- Born: Henry Galton Darwin 6 November 1929 Edinburgh, England
- Died: 17 September 1992 (aged 62)
- Occupation: lawyer
- Spouse: Jane Christie ​(m. 1958)​
- Children: 3
- Parent(s): Charles Galton Darwin Katharine Pember
- Relatives: Darwin–Wedgwood family

= Henry Darwin =

British lawyer and diplomat (1929–1992)

Henry Galton Darwin (6 November 1929 – 17 September 1992) was a British lawyer and diplomat specialising in international law.

== Biography ==
Darwin was born in Edinburgh, the second son (of four) and third child (of five) of the physicist Sir Charles Galton Darwin and his wife Katharine Pember, a mathematician. He was a great-grandson of the naturalist Charles Darwin.
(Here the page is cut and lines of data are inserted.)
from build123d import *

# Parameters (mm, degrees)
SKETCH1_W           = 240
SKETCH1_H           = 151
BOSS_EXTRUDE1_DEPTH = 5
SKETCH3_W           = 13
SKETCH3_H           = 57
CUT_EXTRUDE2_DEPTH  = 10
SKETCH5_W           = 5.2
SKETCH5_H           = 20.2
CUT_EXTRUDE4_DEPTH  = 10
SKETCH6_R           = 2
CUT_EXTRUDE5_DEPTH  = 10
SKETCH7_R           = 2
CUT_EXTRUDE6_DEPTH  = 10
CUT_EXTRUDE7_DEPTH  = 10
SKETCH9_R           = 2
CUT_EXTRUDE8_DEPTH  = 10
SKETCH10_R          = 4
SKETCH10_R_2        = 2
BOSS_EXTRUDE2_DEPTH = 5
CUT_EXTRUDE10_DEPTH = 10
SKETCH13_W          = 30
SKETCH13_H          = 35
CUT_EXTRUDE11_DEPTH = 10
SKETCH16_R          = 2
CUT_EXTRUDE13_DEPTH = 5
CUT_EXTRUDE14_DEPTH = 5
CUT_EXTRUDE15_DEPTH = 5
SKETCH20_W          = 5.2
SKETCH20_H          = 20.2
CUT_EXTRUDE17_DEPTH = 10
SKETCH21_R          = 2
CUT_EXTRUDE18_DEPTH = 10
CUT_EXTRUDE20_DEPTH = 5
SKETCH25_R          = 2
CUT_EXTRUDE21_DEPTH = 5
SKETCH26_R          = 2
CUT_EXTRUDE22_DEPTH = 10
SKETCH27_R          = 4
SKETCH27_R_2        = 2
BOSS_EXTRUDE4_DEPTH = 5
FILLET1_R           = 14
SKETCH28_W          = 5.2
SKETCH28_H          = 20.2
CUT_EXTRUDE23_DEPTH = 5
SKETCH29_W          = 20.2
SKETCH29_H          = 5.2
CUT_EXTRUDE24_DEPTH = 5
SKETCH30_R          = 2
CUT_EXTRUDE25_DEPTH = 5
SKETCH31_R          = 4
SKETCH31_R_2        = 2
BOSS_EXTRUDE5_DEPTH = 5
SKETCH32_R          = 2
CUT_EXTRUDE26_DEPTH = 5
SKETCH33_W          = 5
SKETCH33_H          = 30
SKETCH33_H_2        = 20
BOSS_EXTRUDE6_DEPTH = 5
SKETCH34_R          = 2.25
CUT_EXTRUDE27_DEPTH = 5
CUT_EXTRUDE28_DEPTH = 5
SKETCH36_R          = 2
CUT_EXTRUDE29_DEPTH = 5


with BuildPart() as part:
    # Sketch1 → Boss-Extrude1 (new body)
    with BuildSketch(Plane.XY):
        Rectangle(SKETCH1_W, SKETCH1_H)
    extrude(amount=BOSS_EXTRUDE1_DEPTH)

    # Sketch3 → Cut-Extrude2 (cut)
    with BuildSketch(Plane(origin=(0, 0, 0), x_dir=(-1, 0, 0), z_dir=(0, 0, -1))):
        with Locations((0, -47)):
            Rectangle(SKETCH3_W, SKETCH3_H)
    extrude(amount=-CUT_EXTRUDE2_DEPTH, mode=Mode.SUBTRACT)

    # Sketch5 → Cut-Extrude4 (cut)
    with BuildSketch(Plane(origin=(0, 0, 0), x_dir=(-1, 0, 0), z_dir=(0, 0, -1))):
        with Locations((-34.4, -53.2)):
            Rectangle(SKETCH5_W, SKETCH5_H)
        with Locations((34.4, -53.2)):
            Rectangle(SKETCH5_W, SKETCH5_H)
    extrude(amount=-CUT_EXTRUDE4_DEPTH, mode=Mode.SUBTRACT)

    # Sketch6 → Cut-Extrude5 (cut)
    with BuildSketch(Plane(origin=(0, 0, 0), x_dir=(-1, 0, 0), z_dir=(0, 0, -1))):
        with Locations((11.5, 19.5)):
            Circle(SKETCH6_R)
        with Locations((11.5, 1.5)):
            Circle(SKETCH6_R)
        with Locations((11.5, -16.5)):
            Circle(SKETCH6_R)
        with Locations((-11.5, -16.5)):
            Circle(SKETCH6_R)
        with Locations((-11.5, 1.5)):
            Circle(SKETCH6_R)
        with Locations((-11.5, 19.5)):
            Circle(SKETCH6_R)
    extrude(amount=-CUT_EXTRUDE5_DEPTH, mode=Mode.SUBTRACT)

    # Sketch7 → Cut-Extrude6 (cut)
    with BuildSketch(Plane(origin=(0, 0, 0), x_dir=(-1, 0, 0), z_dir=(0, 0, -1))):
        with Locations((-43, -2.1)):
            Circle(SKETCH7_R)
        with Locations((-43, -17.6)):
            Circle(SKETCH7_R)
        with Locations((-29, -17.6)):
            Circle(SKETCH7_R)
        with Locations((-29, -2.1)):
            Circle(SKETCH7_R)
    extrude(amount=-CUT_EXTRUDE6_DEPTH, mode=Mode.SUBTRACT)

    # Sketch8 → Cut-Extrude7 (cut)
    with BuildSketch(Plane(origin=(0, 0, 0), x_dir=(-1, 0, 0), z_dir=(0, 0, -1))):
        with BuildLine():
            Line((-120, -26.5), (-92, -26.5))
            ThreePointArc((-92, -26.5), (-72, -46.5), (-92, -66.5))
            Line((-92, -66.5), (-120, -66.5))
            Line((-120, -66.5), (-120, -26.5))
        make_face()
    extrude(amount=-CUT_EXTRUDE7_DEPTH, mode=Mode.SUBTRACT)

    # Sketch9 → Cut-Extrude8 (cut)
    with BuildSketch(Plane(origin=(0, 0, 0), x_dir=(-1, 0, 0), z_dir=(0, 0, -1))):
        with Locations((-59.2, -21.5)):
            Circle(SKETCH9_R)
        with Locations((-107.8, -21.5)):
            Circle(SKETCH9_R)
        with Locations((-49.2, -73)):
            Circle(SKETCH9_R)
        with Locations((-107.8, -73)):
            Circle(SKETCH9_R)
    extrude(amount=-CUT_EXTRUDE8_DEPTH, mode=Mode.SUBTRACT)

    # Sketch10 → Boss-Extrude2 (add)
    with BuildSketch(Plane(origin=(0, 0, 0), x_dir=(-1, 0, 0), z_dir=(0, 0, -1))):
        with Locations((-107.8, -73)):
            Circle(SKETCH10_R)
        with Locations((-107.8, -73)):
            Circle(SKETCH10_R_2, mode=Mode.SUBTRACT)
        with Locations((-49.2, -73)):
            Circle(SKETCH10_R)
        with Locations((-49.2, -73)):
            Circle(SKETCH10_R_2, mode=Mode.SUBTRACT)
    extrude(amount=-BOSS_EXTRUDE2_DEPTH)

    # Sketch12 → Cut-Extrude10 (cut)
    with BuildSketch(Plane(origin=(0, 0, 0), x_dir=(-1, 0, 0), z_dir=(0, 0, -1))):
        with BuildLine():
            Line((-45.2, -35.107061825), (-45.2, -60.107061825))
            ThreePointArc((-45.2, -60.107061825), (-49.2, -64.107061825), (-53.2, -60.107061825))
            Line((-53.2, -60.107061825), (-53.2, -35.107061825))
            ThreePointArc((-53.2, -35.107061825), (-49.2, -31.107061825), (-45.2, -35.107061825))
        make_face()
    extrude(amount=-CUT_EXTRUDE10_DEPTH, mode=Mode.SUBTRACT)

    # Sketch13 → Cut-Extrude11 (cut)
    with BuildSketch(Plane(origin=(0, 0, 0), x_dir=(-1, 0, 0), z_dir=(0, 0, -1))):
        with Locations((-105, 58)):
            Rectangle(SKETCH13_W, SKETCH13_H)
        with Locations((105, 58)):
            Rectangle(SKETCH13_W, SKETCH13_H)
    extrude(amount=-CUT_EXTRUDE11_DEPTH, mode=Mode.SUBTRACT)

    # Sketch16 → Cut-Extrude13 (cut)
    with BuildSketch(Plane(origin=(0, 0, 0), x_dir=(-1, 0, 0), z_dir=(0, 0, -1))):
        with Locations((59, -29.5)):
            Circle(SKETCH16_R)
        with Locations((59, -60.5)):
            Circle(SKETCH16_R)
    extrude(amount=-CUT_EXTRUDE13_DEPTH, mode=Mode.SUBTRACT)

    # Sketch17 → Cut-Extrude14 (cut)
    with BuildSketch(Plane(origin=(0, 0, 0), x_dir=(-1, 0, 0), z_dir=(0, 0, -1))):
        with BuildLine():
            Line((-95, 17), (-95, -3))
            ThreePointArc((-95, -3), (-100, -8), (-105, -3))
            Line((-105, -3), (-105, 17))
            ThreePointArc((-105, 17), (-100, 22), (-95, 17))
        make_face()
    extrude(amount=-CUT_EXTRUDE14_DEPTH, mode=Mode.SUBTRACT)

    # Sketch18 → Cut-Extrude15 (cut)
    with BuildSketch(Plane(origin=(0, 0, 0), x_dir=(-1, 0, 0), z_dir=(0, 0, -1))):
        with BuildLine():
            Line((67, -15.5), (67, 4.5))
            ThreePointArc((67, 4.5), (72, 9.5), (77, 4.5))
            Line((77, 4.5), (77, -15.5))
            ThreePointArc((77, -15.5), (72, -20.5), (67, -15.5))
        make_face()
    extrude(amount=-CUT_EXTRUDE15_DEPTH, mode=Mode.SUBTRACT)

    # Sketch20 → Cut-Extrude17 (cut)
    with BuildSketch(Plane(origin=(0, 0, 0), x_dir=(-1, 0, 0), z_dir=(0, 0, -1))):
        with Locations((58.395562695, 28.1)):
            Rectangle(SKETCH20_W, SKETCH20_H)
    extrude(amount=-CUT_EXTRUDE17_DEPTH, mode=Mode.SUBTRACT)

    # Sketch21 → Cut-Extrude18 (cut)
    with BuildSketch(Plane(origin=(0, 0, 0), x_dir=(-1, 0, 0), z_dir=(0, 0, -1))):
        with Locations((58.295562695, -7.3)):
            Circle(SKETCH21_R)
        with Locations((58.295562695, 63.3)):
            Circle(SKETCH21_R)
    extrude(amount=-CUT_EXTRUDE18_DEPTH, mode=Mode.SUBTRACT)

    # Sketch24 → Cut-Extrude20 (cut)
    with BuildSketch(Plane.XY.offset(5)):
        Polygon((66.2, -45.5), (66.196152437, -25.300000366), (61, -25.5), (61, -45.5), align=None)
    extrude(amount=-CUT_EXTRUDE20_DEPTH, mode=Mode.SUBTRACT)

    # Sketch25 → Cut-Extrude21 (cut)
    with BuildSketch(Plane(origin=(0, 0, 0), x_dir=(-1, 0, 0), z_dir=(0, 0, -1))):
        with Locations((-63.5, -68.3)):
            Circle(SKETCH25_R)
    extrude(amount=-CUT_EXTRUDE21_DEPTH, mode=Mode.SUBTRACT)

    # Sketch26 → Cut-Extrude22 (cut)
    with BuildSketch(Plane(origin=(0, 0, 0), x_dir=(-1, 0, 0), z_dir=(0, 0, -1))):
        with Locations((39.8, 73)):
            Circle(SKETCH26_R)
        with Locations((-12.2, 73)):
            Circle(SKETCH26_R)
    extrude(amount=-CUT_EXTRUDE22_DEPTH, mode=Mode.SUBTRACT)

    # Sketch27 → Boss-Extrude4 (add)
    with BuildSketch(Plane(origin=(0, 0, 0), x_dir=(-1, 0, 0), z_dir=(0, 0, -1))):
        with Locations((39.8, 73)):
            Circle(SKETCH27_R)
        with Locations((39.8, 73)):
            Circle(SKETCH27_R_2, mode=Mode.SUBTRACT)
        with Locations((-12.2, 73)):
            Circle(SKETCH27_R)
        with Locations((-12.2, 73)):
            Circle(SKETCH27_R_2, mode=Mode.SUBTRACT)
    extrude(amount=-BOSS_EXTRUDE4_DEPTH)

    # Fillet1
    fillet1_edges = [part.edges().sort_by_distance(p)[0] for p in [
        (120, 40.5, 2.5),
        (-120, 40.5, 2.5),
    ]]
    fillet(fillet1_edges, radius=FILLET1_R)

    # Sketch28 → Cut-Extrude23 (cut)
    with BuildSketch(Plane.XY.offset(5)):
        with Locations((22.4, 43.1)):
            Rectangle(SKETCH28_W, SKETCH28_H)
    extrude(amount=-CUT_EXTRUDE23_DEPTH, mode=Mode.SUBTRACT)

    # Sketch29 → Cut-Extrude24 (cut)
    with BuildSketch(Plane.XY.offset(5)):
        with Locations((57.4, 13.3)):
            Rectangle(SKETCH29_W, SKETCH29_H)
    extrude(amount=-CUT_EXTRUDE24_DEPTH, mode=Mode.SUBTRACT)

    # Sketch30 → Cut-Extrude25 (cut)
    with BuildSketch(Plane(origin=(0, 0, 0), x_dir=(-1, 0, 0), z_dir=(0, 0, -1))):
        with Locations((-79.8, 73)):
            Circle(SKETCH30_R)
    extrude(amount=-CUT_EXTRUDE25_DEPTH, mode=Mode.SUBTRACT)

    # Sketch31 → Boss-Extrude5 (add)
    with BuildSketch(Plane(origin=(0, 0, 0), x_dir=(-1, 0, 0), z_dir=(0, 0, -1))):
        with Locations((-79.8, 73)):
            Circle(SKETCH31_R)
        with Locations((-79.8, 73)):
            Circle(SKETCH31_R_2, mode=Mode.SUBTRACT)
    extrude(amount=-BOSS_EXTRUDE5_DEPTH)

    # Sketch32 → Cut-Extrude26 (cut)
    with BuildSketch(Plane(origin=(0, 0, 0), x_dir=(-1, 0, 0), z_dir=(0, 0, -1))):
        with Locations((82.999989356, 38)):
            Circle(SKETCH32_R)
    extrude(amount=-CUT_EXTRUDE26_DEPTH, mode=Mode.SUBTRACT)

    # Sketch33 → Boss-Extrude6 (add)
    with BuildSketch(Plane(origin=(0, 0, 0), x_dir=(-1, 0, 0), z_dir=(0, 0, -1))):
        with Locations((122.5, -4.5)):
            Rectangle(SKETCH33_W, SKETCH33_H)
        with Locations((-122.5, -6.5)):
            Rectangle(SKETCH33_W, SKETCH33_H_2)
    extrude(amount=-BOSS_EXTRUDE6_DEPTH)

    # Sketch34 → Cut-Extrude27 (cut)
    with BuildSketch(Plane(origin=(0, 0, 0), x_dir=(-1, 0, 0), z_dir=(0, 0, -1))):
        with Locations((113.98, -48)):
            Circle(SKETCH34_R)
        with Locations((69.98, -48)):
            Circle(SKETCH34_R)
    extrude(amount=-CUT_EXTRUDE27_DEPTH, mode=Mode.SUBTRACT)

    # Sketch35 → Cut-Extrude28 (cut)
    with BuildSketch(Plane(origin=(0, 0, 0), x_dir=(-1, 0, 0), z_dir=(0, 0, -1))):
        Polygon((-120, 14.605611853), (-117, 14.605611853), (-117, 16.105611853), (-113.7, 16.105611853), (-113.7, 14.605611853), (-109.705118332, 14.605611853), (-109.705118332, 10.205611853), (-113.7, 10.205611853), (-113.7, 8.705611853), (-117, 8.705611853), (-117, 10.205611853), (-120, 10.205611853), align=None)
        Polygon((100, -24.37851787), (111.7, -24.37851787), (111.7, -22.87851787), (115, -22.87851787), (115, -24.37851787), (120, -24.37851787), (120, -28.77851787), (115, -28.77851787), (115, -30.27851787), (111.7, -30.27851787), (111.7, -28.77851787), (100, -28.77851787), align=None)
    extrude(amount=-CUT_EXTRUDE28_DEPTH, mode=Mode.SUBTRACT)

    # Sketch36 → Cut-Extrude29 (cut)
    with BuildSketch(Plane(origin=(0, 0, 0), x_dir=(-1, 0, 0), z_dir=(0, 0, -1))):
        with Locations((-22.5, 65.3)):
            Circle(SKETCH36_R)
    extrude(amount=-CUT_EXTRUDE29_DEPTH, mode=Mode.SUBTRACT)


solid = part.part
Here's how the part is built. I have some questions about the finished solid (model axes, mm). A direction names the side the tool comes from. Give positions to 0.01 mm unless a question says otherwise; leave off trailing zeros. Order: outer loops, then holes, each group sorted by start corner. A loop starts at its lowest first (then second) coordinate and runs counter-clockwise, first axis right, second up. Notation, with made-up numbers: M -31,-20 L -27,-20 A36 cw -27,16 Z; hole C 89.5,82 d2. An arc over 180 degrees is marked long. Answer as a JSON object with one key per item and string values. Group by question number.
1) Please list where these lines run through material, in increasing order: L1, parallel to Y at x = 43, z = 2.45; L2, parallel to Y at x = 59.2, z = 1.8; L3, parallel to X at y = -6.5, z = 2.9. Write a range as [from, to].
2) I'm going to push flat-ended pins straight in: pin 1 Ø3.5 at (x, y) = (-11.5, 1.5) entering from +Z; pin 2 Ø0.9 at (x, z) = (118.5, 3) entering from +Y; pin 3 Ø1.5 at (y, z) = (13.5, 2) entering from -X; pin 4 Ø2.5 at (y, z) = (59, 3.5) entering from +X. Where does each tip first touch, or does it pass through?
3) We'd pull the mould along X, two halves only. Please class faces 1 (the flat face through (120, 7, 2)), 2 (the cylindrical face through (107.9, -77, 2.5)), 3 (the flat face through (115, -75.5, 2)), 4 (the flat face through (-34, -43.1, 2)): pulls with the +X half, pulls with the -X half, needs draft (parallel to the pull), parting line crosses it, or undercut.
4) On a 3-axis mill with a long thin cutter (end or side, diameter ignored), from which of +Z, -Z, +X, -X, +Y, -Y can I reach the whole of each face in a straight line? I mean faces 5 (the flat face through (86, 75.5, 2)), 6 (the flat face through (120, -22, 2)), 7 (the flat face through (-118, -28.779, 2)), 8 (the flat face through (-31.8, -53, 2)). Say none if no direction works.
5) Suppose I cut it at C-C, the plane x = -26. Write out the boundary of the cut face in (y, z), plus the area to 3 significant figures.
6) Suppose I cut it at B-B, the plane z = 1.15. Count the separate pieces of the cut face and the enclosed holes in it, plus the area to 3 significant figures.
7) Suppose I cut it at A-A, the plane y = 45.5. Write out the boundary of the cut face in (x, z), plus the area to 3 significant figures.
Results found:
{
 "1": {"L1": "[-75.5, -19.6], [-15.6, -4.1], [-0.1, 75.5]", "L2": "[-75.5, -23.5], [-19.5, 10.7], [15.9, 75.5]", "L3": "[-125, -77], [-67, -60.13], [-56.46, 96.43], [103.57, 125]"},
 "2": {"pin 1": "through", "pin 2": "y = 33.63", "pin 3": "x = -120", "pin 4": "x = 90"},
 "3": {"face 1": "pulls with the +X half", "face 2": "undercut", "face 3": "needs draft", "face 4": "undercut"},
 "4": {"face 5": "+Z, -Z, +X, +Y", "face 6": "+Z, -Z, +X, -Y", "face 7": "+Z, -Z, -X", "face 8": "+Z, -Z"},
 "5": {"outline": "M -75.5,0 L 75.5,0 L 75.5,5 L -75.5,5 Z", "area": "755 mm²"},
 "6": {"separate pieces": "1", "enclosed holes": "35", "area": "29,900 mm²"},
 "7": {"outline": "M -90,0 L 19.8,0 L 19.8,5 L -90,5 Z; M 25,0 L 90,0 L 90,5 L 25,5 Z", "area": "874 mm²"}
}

Educated at Marlborough College and Trinity College, Cambridge, in 1958 he married Jane Christie, an English teacher; they had three daughters:
- Sophia Katherine Darwin (born in Düsseldorf between 1961 and 1963), mathematician
- Emma L. Darwin (born 1964) - novelist
- Carola Frances Darwin (born 1967), opera singer

Darwin was called to the Bar at Lincoln's Inn in 1953. He served as assistant Legal Adviser to the Foreign Office 1954-1960 and again 1963-1967, at which time he was one of the three drafters of the Partial Nuclear Test Ban Treaty, being flown to Moscow in July 1963 to advise Lord Hailsham on the drafting when negotiations were successful; between 1960 and 1963 he was Legal Adviser to the British Embassy in Bonn, West Germany. He was then Legal Counsellor to the UK Mission to the United Nations in Manhattan, New York 1967-1970, before returning to the Foreign and Commonwealth Office (FCO) 1970-1973. He then worked as Director-General Legal Secretariat European Communities Brussels 1973-1976. He was Deputy Legal Adviser to the FCO 1976-1984, during which time in 1977 he was made a Companion of the Order of St Michael and St George. He played a major role in the third United Nations Conference on the Law of the Sea (UNCLOS III), which took place from 1973 through 1982, and was a member of the Preparatory Commission after 1982. He was Second Legal Adviser FCO 1984-1989, when he retired.

Darwin died in London on 17 September 1992. At the time of his death he was leading a group examining legal issues connected with the former Yugoslavia.

==Publications==
- Darwin, H. G. (1967). "The Outer Space Treaty"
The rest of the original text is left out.